Data supplied.
================================
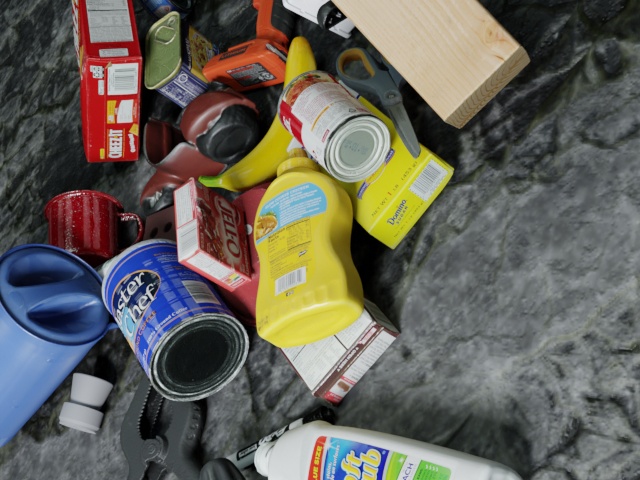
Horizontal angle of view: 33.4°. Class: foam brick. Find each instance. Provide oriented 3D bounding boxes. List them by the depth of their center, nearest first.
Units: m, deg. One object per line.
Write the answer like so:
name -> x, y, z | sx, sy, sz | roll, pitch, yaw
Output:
foam brick -> -0.146, -0.005, 1.146 | 0.078, 0.051, 0.053 | -21, 53, 34

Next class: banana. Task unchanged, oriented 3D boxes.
banana -> -0.046, -0.122, 1.113 | 0.197, 0.069, 0.037 | -58, 11, -16

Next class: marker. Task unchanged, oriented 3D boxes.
marker -> -0.036, 0.179, 0.957 | 0.121, 0.020, 0.020 | -32, 48, 25

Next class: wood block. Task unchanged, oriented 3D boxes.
wood block -> 0.080, -0.207, 0.948 | 0.091, 0.090, 0.206 | -44, 79, 13

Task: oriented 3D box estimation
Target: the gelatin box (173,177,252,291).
gelatin box -> -0.101, -0.006, 1.004 | 0.030, 0.073, 0.089 | -30, 48, 25

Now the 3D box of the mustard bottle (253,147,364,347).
mustard bottle -> -0.015, -0.005, 0.957 | 0.096, 0.058, 0.191 | -26, 51, 28

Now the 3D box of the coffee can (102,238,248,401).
coffee can -> -0.146, 0.077, 1.059 | 0.103, 0.102, 0.140 | -51, 42, 7

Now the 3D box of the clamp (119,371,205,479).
clamp -> -0.144, 0.209, 1.027 | 0.165, 0.036, 0.210 | -17, 51, 24

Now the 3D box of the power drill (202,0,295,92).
power drill -> -0.077, -0.264, 1.230 | 0.185, 0.057, 0.187 | -8, 62, 40

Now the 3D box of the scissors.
scissors -> 0.081, -0.143, 1.005 | 0.096, 0.016, 0.202 | -28, 40, -10

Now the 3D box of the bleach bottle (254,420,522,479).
bleach bottle -> 0.036, 0.202, 0.845 | 0.251, 0.068, 0.102 | 2, 68, 46

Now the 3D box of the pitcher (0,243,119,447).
pitcher -> -0.345, 0.122, 1.158 | 0.149, 0.144, 0.243 | 44, 123, 4

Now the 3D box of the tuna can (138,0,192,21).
tuna can -> -0.203, -0.315, 1.358 | 0.034, 0.086, 0.086 | -35, 47, 21

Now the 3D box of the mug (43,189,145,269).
mug -> -0.261, -0.001, 1.236 | 0.117, 0.093, 0.081 | -8, 60, -2

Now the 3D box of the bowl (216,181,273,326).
bowl -> -0.057, 0.001, 1.056 | 0.162, 0.055, 0.162 | -22, 53, 32

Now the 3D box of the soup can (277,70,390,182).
soup can -> 0.012, -0.105, 0.976 | 0.068, 0.068, 0.102 | -50, 41, 8

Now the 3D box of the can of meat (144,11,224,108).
can of meat -> -0.156, -0.203, 1.248 | 0.058, 0.083, 0.102 | -29, 50, 29

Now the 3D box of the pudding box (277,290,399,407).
pudding box -> 0.006, 0.079, 0.963 | 0.090, 0.039, 0.114 | -50, 41, 9

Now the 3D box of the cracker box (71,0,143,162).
cracker box -> -0.265, -0.228, 1.313 | 0.164, 0.072, 0.214 | 102, 158, -47

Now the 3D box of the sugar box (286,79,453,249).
sugar box -> 0.042, -0.077, 1.016 | 0.093, 0.048, 0.176 | -51, 43, 7
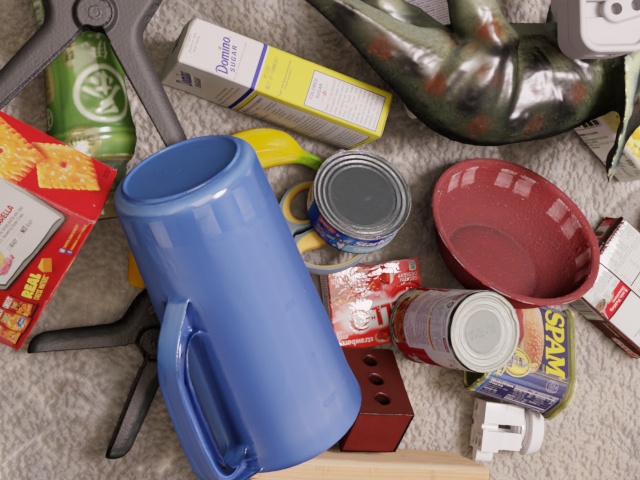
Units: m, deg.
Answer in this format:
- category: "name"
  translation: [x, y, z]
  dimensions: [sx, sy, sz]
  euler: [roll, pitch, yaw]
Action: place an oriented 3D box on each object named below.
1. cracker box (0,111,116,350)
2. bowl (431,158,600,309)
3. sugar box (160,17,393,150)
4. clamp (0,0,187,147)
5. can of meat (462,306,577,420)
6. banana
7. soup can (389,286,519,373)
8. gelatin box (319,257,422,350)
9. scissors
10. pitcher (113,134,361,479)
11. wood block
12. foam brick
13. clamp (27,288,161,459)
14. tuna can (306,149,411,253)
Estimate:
- category: "cracker box"
  translation: [-0.282, -0.030, 0.783]
  dimensions: [0.213, 0.164, 0.072]
  euler: [28, 39, -14]
- category: "bowl"
  translation: [0.162, 0.004, 0.940]
  dimensions: [0.162, 0.055, 0.162]
  euler: [13, 49, -15]
- category: "sugar box"
  translation: [-0.038, -0.127, 0.886]
  dimensions: [0.176, 0.093, 0.048]
  euler: [21, 81, -15]
- category: "clamp"
  translation: [-0.160, -0.162, 0.803]
  dimensions: [0.164, 0.036, 0.210]
  euler: [15, 90, -11]
- category: "can of meat"
  translation: [0.176, 0.098, 0.950]
  dimensions: [0.084, 0.058, 0.102]
  euler: [19, 51, -12]
- category: "banana"
  translation: [-0.092, -0.040, 0.894]
  dimensions: [0.197, 0.037, 0.069]
  euler: [-35, 81, -13]
- category: "soup can"
  translation: [0.111, 0.073, 0.892]
  dimensions: [0.068, 0.102, 0.068]
  euler: [0, 89, -24]
- category: "gelatin box"
  translation: [0.047, 0.055, 0.942]
  dimensions: [0.089, 0.030, 0.073]
  euler: [-6, 92, -16]
- category: "scissors"
  translation: [-0.056, 0.001, 0.904]
  dimensions: [0.201, 0.016, 0.096]
  euler: [-9, 70, -17]
- category: "pitcher"
  translation: [-0.067, 0.054, 0.801]
  dimensions: [0.145, 0.149, 0.243]
  euler: [-24, 119, -7]
- category: "wood block"
  translation: [0.028, 0.225, 0.905]
  dimensions: [0.205, 0.090, 0.091]
  euler: [7, 87, -16]
- category: "foam brick"
  translation: [0.040, 0.135, 0.908]
  dimensions: [0.053, 0.078, 0.051]
  euler: [5, 129, -20]
- category: "clamp"
  translation: [-0.151, 0.081, 0.881]
  dimensions: [0.171, 0.039, 0.120]
  euler: [-46, 106, -18]
- category: "tuna can"
  translation: [0.032, -0.032, 0.909]
  dimensions: [0.086, 0.034, 0.086]
  euler: [6, 63, -12]
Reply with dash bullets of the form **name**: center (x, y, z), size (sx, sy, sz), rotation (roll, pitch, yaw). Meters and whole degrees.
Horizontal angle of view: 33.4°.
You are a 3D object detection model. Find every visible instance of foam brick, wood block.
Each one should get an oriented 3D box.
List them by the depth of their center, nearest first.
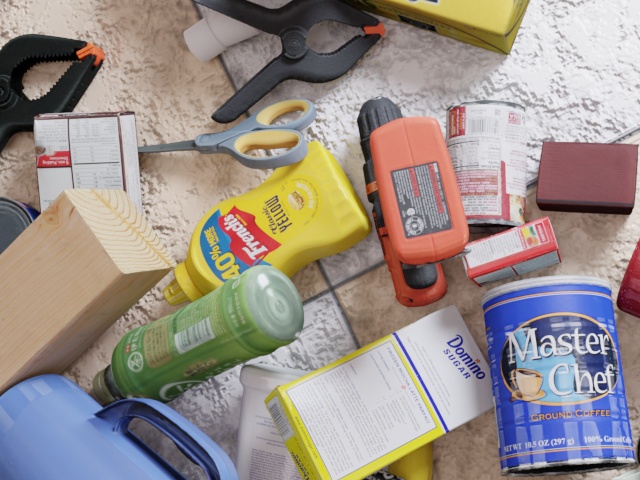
- **foam brick**: center (0.218, -0.051, 0.874), size (0.078, 0.053, 0.051), rotation (3, 85, 14)
- **wood block**: center (-0.240, 0.054, 0.940), size (0.206, 0.090, 0.091), rotation (-41, 77, 20)

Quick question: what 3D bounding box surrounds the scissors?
- **scissors**: center (-0.087, -0.100, 0.971), size (0.202, 0.016, 0.096), rotation (10, 49, 36)

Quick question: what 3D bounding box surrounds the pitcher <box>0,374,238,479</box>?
- **pitcher**: center (-0.176, 0.210, 0.888), size (0.149, 0.145, 0.243), rotation (-36, 54, -27)

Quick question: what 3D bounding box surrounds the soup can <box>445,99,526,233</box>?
- **soup can**: center (0.137, -0.060, 0.887), size (0.068, 0.068, 0.102), rotation (0, 84, 14)

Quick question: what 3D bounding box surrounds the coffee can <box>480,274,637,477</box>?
- **coffee can**: center (0.183, 0.107, 0.828), size (0.103, 0.102, 0.140), rotation (-8, 72, 13)

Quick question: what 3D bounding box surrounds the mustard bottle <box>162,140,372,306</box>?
- **mustard bottle**: center (-0.056, 0.001, 0.936), size (0.192, 0.058, 0.096), rotation (-33, 68, 10)

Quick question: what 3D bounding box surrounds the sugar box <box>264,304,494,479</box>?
- **sugar box**: center (0.053, 0.128, 0.857), size (0.176, 0.048, 0.093), rotation (-21, 76, -27)

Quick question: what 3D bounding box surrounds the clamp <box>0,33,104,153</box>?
- **clamp**: center (-0.310, -0.146, 1.027), size (0.210, 0.036, 0.164), rotation (-31, 83, 8)

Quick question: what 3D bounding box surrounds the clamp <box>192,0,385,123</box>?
- **clamp**: center (-0.032, -0.182, 0.938), size (0.171, 0.039, 0.120), rotation (-19, 114, -1)

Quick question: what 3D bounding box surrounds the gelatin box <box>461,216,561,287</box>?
- **gelatin box**: center (0.155, 0.010, 0.864), size (0.073, 0.089, 0.030), rotation (-19, 78, 12)

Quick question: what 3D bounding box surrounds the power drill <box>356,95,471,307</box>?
- **power drill**: center (0.068, -0.042, 0.844), size (0.057, 0.187, 0.184), rotation (-15, 84, 0)

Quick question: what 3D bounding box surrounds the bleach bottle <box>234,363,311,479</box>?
- **bleach bottle**: center (-0.036, 0.236, 0.905), size (0.103, 0.068, 0.251), rotation (9, 89, 14)

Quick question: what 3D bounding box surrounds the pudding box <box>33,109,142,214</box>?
- **pudding box**: center (-0.214, -0.062, 0.983), size (0.090, 0.039, 0.113), rotation (0, 101, 13)

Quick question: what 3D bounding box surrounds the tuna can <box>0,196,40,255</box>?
- **tuna can**: center (-0.300, 0.003, 1.012), size (0.086, 0.033, 0.086), rotation (-2, 84, 14)
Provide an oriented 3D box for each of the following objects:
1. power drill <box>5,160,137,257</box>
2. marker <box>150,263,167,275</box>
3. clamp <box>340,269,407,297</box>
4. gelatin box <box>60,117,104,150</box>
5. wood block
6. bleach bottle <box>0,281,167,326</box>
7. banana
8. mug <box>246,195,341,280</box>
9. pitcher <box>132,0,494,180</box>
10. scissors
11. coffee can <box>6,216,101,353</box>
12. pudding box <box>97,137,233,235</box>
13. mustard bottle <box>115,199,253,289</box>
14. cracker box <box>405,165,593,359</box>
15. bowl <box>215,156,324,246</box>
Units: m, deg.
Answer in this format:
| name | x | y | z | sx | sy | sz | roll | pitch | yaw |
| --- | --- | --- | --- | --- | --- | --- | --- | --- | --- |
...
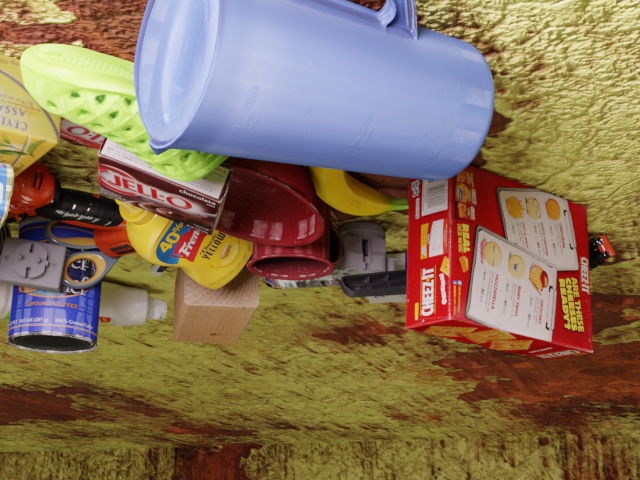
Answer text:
| name | x | y | z | sx | sy | sz | roll | pitch | yaw |
| --- | --- | --- | --- | --- | --- | --- | --- | --- | --- |
| power drill | -0.280 | -0.028 | 1.127 | 0.187 | 0.057 | 0.185 | 15 | 164 | -39 |
| marker | -0.192 | 0.020 | 1.331 | 0.020 | 0.020 | 0.121 | 7 | 161 | -18 |
| clamp | 0.136 | 0.033 | 1.221 | 0.165 | 0.036 | 0.209 | -39 | 145 | 17 |
| gelatin box | -0.187 | -0.105 | 0.928 | 0.073 | 0.030 | 0.089 | -14 | 157 | 39 |
| wood block | -0.136 | 0.066 | 1.360 | 0.090 | 0.090 | 0.206 | 3 | 162 | -11 |
| bleach bottle | -0.330 | 0.082 | 1.467 | 0.250 | 0.068 | 0.103 | 8 | 161 | -28 |
| banana | 0.023 | -0.062 | 1.047 | 0.070 | 0.037 | 0.197 | -24 | 156 | 16 |
| mug | -0.021 | -0.006 | 1.142 | 0.117 | 0.081 | 0.093 | 16 | 157 | -38 |
| pitcher | 0.005 | -0.119 | 0.745 | 0.242 | 0.145 | 0.149 | 8 | 173 | -31 |
| scissors | -0.216 | 0.018 | 1.222 | 0.201 | 0.096 | 0.016 | 11 | 157 | -18 |
| coffee can | -0.306 | 0.053 | 1.244 | 0.103 | 0.140 | 0.103 | 1 | 162 | 0 |
| pudding box | -0.137 | -0.052 | 0.930 | 0.113 | 0.039 | 0.090 | 19 | 161 | -4 |
| mustard bottle | -0.145 | -0.016 | 1.105 | 0.058 | 0.096 | 0.191 | 39 | -175 | 35 |
| cracker box | 0.184 | 0.025 | 1.096 | 0.213 | 0.164 | 0.072 | 15 | 159 | -37 |
| bowl | -0.067 | -0.055 | 1.002 | 0.162 | 0.055 | 0.162 | 15 | 158 | 6 |
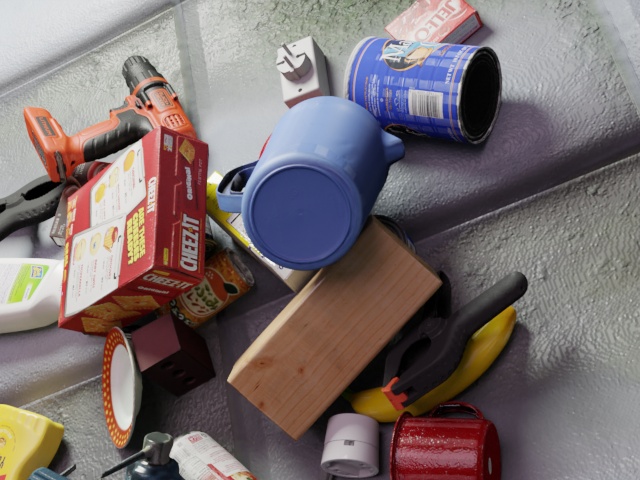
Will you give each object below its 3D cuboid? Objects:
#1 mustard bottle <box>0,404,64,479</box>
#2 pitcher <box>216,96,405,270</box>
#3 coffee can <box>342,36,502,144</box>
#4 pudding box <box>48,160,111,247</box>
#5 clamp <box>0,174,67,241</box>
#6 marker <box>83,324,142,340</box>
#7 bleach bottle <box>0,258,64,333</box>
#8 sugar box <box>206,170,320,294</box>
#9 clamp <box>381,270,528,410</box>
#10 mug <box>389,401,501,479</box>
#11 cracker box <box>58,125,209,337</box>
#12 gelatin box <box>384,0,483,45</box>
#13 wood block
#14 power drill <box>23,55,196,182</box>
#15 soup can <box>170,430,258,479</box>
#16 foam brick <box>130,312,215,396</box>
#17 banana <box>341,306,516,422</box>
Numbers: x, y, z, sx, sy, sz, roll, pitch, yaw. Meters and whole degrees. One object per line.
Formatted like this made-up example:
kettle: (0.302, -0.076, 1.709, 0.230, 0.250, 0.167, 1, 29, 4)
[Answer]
mustard bottle: (-0.360, 0.282, 1.183, 0.096, 0.058, 0.191, 8, 68, 32)
pitcher: (-0.014, -0.054, 1.034, 0.145, 0.242, 0.149, 36, 107, -4)
coffee can: (0.110, -0.163, 1.147, 0.141, 0.102, 0.102, 12, 70, 32)
pudding box: (-0.271, -0.041, 1.309, 0.090, 0.039, 0.113, 8, 68, 9)
clamp: (-0.386, -0.033, 1.354, 0.210, 0.036, 0.164, -22, 31, 3)
marker: (-0.230, 0.105, 1.235, 0.121, 0.020, 0.020, 4, 66, 30)
bleach bottle: (-0.366, 0.071, 1.300, 0.251, 0.068, 0.102, -1, 62, 25)
sugar box: (-0.057, 0.001, 1.153, 0.048, 0.093, 0.176, -49, 54, -5)
clamp: (0.121, 0.086, 1.000, 0.120, 0.039, 0.171, -17, 33, 50)
mug: (0.117, 0.193, 0.965, 0.082, 0.093, 0.117, -3, 37, 22)
cracker box: (-0.204, -0.003, 1.160, 0.214, 0.072, 0.164, -28, 55, 45)
gelatin box: (0.130, -0.247, 1.228, 0.089, 0.030, 0.073, -40, 53, 3)
wood block: (0.014, 0.082, 1.040, 0.090, 0.091, 0.206, 42, 95, -4)
power drill: (-0.267, -0.154, 1.328, 0.187, 0.057, 0.185, -21, 49, -17)
soup can: (-0.107, 0.244, 1.063, 0.102, 0.068, 0.068, 33, 82, 37)
foam brick: (-0.158, 0.123, 1.150, 0.053, 0.078, 0.051, -29, 53, 11)
banana: (0.106, 0.128, 1.031, 0.198, 0.037, 0.069, -27, 55, 13)
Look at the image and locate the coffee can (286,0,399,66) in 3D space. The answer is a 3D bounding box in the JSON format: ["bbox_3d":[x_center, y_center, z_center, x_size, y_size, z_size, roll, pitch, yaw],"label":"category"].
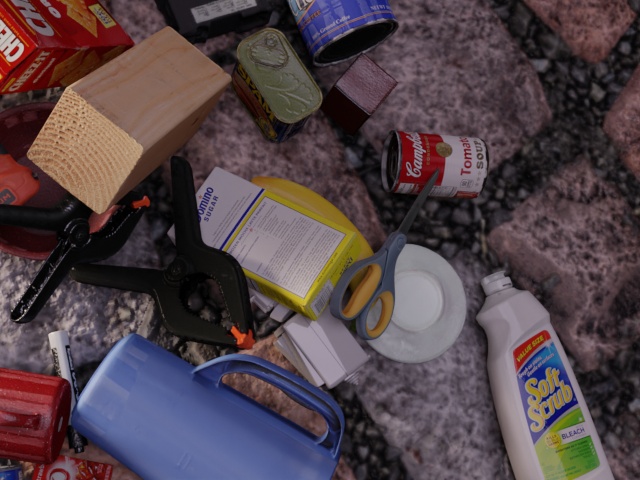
[{"bbox_3d":[0.011,-0.275,1.158,0.102,0.103,0.140,-21,83,-16],"label":"coffee can"}]

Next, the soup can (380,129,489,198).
[{"bbox_3d":[0.124,-0.082,1.158,0.102,0.069,0.068,4,77,-12],"label":"soup can"}]

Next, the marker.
[{"bbox_3d":[-0.248,0.149,1.052,0.020,0.020,0.121,-10,80,-14],"label":"marker"}]

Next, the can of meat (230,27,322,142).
[{"bbox_3d":[-0.050,-0.161,1.129,0.057,0.084,0.102,-32,86,-17],"label":"can of meat"}]

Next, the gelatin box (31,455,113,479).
[{"bbox_3d":[-0.240,0.248,1.007,0.073,0.030,0.089,13,45,-9],"label":"gelatin box"}]

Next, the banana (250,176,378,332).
[{"bbox_3d":[0.007,-0.001,1.125,0.069,0.037,0.198,-32,80,-28],"label":"banana"}]

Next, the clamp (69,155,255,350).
[{"bbox_3d":[-0.144,0.037,1.042,0.164,0.036,0.210,-40,65,3],"label":"clamp"}]

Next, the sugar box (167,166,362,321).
[{"bbox_3d":[-0.057,0.001,1.075,0.176,0.048,0.093,26,71,27],"label":"sugar box"}]

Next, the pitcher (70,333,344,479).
[{"bbox_3d":[-0.105,0.186,1.018,0.243,0.145,0.149,33,57,-1],"label":"pitcher"}]

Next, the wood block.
[{"bbox_3d":[-0.178,-0.121,1.031,0.090,0.091,0.205,39,31,-2],"label":"wood block"}]

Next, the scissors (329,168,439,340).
[{"bbox_3d":[0.079,0.021,1.094,0.201,0.016,0.096,-45,129,-31],"label":"scissors"}]

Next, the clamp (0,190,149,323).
[{"bbox_3d":[-0.241,-0.013,0.999,0.171,0.039,0.120,-40,132,-29],"label":"clamp"}]

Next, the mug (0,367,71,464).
[{"bbox_3d":[-0.281,0.161,0.985,0.081,0.117,0.093,9,79,-1],"label":"mug"}]

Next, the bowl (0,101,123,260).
[{"bbox_3d":[-0.277,-0.054,1.072,0.162,0.055,0.162,3,77,-12],"label":"bowl"}]

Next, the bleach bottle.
[{"bbox_3d":[0.220,0.156,1.131,0.102,0.068,0.251,-17,80,-16],"label":"bleach bottle"}]

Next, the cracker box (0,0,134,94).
[{"bbox_3d":[-0.291,-0.227,1.026,0.072,0.213,0.164,-42,89,16],"label":"cracker box"}]

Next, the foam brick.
[{"bbox_3d":[0.040,-0.156,1.152,0.051,0.078,0.053,40,75,-2],"label":"foam brick"}]
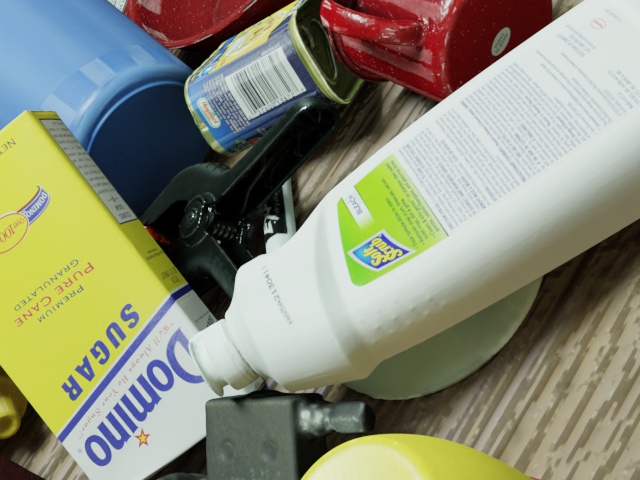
================================
Required action.
Within the data above, pick out all lines holding the word "Provide".

Result for this exercise.
Horizontal angle of view: 33.4°. Class: foam brick. Find each instance. Provide oriented 3D bounding boxes. List them by the depth of their center, nearest first.
Provide an oriented 3D box for each of the following objects:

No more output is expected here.